I was a graduate student at Indiana University when Gubar, Wiegman, and Cary Wolfe were all teaching there. Like many of my colleagues in animal studies, I had an ongoing interest in the ethical question of our relationship to nonhuman animals that preceded my scholarly career. That interest emerged roughly alongside my interest in feminist theory and gender studies when I was an undergraduate. As a graduate student, I set out with the intention of working in feminist criticism (and feminist literary criticism), but once I began to see the prominence of animals and animality in modernist literature, my scholarly energies migrated in that direction. At all points, however, I was keenly aware of the way that the feminist critique of the subject, to give one example, allowed for an opening onto similar troublings of the species barrier. Nevertheless, what remains a kind of fascinating and “primal” moment in my own turn from feminist work to species work was Gubar’s deeply suspicious response to my scholarly interest in animals. In one especially striking exchange over my use of Lyotard’s concept of the differend to discuss the animal as paradigmatic of the “victim” (the one who does not have the ability to register its injuries in the language of those in control), she asked me point blank if I was suggesting that animals were “more” victimized than women. Instead of seeing the interlocking structures of oppression that writers like Carol Adams, Marjorie Spiegel, and others had already pointed out at that time—and the productive theoretical analogies that might proliferate—Gubar experienced my discussion of animals as a threat: a threat, I can only surmise, to the political position she felt her own work had staked out for women, for a particular set of feminist claims, and perhaps for a semi-institutionalized prerogative that was roughly correlated to the suffering or affliction of women.

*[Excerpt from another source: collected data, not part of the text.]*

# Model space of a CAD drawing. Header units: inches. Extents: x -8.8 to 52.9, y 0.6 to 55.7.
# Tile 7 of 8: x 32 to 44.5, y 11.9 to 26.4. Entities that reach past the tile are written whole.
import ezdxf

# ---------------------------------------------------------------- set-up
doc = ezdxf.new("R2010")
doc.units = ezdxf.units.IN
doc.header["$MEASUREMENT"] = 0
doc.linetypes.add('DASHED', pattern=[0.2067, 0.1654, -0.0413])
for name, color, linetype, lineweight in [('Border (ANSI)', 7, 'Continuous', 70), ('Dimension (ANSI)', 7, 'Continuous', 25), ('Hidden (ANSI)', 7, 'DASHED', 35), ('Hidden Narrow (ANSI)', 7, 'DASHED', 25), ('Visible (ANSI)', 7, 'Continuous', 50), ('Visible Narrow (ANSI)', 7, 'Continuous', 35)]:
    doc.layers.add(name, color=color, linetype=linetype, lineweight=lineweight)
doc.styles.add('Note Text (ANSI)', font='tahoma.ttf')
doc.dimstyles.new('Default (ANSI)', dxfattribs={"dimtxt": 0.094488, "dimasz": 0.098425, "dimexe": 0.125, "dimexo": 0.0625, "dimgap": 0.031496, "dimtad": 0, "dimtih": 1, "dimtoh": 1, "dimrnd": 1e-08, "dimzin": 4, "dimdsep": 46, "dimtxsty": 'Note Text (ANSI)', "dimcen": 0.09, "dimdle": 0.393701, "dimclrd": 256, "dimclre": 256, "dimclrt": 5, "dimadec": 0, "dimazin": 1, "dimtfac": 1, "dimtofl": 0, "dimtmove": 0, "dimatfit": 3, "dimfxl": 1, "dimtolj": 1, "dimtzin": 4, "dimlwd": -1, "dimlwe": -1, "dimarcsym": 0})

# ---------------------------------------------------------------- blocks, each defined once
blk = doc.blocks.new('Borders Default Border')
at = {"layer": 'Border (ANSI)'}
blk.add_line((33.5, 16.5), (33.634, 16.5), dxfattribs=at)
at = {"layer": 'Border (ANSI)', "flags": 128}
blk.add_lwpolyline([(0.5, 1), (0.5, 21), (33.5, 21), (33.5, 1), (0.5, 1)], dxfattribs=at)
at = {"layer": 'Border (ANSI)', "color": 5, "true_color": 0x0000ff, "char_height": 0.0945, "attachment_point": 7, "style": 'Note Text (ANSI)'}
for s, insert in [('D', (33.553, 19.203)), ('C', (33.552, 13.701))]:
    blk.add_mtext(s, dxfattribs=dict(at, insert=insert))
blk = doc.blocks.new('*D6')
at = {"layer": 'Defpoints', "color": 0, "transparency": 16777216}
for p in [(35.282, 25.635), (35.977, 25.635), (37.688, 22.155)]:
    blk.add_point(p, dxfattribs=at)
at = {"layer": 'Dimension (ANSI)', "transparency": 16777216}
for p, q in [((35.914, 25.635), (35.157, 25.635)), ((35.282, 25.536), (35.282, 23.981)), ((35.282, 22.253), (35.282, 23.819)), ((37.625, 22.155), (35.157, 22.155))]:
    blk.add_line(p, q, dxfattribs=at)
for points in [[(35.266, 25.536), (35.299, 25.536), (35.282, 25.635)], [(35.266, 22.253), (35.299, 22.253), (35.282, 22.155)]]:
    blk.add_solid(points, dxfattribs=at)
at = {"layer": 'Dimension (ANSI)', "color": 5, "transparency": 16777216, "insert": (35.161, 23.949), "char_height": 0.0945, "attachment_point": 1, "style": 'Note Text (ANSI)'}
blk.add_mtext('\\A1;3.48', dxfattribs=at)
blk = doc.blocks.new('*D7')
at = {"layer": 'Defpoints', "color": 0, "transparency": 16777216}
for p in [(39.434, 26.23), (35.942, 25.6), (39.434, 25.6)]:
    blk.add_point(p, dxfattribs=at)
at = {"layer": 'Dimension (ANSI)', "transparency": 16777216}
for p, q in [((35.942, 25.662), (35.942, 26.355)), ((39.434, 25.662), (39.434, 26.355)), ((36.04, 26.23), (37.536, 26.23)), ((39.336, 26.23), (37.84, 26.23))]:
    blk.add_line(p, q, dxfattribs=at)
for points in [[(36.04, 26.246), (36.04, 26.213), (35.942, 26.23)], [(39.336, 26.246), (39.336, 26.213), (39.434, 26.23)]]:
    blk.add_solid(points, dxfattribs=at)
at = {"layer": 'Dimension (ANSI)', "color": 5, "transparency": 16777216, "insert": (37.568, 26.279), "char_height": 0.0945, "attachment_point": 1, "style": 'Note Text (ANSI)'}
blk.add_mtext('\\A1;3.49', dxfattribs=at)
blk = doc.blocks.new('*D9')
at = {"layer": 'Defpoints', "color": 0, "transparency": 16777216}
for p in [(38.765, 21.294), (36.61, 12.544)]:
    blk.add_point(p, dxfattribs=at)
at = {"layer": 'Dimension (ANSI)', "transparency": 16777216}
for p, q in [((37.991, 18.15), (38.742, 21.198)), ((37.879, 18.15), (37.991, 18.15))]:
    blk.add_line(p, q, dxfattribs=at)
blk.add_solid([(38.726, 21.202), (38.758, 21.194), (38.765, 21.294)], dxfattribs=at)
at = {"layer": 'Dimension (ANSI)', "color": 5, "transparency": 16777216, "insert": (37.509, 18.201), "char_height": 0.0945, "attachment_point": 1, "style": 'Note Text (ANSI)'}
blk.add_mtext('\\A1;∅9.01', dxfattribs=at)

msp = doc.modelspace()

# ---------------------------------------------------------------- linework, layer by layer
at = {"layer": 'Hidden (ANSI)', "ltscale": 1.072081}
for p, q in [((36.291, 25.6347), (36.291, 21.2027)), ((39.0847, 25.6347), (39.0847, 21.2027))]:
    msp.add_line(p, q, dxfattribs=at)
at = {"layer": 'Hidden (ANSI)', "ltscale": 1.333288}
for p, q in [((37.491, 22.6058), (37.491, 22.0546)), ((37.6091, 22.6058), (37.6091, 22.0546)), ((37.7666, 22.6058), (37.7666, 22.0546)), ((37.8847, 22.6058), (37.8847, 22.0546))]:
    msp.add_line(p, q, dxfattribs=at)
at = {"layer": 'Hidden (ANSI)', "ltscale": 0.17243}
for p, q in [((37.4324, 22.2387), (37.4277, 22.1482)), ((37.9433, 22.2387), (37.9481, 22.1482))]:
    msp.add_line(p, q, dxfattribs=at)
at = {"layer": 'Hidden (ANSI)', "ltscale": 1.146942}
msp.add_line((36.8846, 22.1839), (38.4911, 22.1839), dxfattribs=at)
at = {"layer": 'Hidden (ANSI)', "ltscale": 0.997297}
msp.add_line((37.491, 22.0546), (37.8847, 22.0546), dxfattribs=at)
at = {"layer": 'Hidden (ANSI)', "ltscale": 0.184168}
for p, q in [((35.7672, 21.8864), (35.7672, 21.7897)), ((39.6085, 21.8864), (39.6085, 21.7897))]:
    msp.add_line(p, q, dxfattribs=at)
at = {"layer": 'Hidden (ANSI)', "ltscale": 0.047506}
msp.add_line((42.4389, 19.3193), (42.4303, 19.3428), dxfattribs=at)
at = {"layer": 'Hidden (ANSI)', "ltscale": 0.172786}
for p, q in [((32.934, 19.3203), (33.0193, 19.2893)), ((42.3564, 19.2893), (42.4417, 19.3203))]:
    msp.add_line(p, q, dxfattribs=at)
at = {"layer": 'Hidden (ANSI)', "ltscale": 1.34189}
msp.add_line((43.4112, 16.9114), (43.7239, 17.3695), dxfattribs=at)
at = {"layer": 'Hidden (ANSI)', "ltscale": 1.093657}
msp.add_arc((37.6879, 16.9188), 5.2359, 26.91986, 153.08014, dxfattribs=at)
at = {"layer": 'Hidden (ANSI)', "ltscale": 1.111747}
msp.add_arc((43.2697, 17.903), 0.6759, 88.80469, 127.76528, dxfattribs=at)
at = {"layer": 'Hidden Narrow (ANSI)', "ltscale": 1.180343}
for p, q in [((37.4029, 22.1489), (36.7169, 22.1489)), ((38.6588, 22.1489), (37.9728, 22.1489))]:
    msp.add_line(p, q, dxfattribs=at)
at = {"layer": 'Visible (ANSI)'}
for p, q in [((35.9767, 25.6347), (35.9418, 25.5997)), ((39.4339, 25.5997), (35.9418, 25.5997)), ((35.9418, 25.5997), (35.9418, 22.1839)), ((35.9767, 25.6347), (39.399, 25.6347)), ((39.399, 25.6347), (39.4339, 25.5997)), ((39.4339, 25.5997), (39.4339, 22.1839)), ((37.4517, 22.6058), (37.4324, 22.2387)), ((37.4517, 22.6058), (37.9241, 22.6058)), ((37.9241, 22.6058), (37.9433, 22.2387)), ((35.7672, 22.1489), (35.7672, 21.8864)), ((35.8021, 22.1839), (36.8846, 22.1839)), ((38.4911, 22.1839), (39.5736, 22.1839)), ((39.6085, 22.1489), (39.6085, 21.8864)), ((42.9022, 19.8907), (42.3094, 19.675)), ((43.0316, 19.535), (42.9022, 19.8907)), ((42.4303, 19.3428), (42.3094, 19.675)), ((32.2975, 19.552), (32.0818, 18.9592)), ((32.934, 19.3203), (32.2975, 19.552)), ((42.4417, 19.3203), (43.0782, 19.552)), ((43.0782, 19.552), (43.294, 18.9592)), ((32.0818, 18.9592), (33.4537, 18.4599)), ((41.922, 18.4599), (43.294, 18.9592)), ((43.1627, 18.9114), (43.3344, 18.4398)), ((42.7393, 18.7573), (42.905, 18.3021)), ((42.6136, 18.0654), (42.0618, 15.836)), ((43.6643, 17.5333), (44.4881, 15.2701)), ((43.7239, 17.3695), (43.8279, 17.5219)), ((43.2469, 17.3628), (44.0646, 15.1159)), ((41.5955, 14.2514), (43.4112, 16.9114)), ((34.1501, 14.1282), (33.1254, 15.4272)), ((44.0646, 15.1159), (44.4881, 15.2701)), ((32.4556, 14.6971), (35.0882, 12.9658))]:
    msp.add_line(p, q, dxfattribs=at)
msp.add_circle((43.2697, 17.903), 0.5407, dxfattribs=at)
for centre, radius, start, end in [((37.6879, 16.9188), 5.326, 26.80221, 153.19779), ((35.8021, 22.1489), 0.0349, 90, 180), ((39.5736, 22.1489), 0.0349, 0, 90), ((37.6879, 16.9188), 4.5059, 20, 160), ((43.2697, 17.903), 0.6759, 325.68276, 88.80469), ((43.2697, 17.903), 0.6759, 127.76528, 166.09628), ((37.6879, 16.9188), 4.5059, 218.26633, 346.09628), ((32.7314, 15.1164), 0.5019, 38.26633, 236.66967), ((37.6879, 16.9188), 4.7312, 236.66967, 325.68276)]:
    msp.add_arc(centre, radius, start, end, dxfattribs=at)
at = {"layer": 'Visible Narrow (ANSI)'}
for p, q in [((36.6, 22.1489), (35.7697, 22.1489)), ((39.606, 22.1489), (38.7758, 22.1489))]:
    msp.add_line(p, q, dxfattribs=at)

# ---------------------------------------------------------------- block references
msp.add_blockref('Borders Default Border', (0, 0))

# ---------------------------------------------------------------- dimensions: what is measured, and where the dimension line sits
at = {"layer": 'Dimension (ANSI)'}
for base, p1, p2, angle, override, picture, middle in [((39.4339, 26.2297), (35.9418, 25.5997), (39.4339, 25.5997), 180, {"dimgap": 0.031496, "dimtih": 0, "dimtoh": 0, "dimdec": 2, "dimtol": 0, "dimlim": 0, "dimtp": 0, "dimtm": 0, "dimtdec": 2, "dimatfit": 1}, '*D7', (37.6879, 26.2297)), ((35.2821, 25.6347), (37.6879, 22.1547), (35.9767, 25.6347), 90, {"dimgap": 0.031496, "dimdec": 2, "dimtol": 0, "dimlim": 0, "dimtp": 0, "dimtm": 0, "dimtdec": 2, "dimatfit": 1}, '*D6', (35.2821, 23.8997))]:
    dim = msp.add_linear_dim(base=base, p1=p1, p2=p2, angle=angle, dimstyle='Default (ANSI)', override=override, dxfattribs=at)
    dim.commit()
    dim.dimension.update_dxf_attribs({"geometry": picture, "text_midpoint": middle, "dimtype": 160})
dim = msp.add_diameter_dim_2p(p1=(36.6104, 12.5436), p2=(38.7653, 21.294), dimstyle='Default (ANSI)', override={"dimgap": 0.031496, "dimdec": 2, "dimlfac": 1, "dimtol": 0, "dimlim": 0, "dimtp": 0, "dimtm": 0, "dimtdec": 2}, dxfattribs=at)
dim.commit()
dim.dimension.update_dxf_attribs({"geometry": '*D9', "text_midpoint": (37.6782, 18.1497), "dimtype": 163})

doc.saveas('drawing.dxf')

I find this anecdote instructive here because it not only demonstrates just how unpredictable a “feminist” response to animal issues can be,2 but also because it resonates with the way in which some scholars today view developments in “high” animal theory as threatening. As Wiegman pointed out in her own discussion, Gubar’s anxieties about various poststructuralist genealogies rested in part on the association between that body of work and certain European, masculinist “complicities” (Wiegman 1999, 368). We sometimes still hear protests against the “boys’ club” of high theory in work on animals because thinkers such as Derrida, Wolfe, and Agamben are seen as overshadowing the work of female scholars and of critics who are less theoretically entrenched. As a scholar of the modernist period, I am perhaps too keenly aware of how women have historically been excluded from “critical” practice. Despite some of the limitations that high theory might entail, however, I do not want to countenance a feminist or animalist disavowal of critical theory.
In terms of disciplinary primal scenes, there have been prominent disavowals of this kind at the heart of animal studies in its contemporary staging. It is worth mentioning one of the “founding” moments for animal studies here. The conference Millennial Animals: Theorising and Understanding the Importance of Animals, organized by Robert McKay and Sue Vice in 2000, took place in England. Carol Adams and Cary Wolfe were the two keynote speakers. Adams gave a presentation based on her 1990 book that was very interesting, but essentially ten years old. Wolfe, who was my graduate advisor at the time, gave a presentation that engaged a wide range of recent continental theory on the philosophical question of the species barrier. Throughout the conference, Adams made it clear that she was willfully opposed to almost any “theoretical” discussion of animality. Her resistance was extremely disappointing to those of us in attendance who considered ourselves “feminist” and who also felt that new theoretical work was opening up the field in a way that had profound consequences for “animal rights” or “pro-animal” intellectuals, and the real animals who motivated them.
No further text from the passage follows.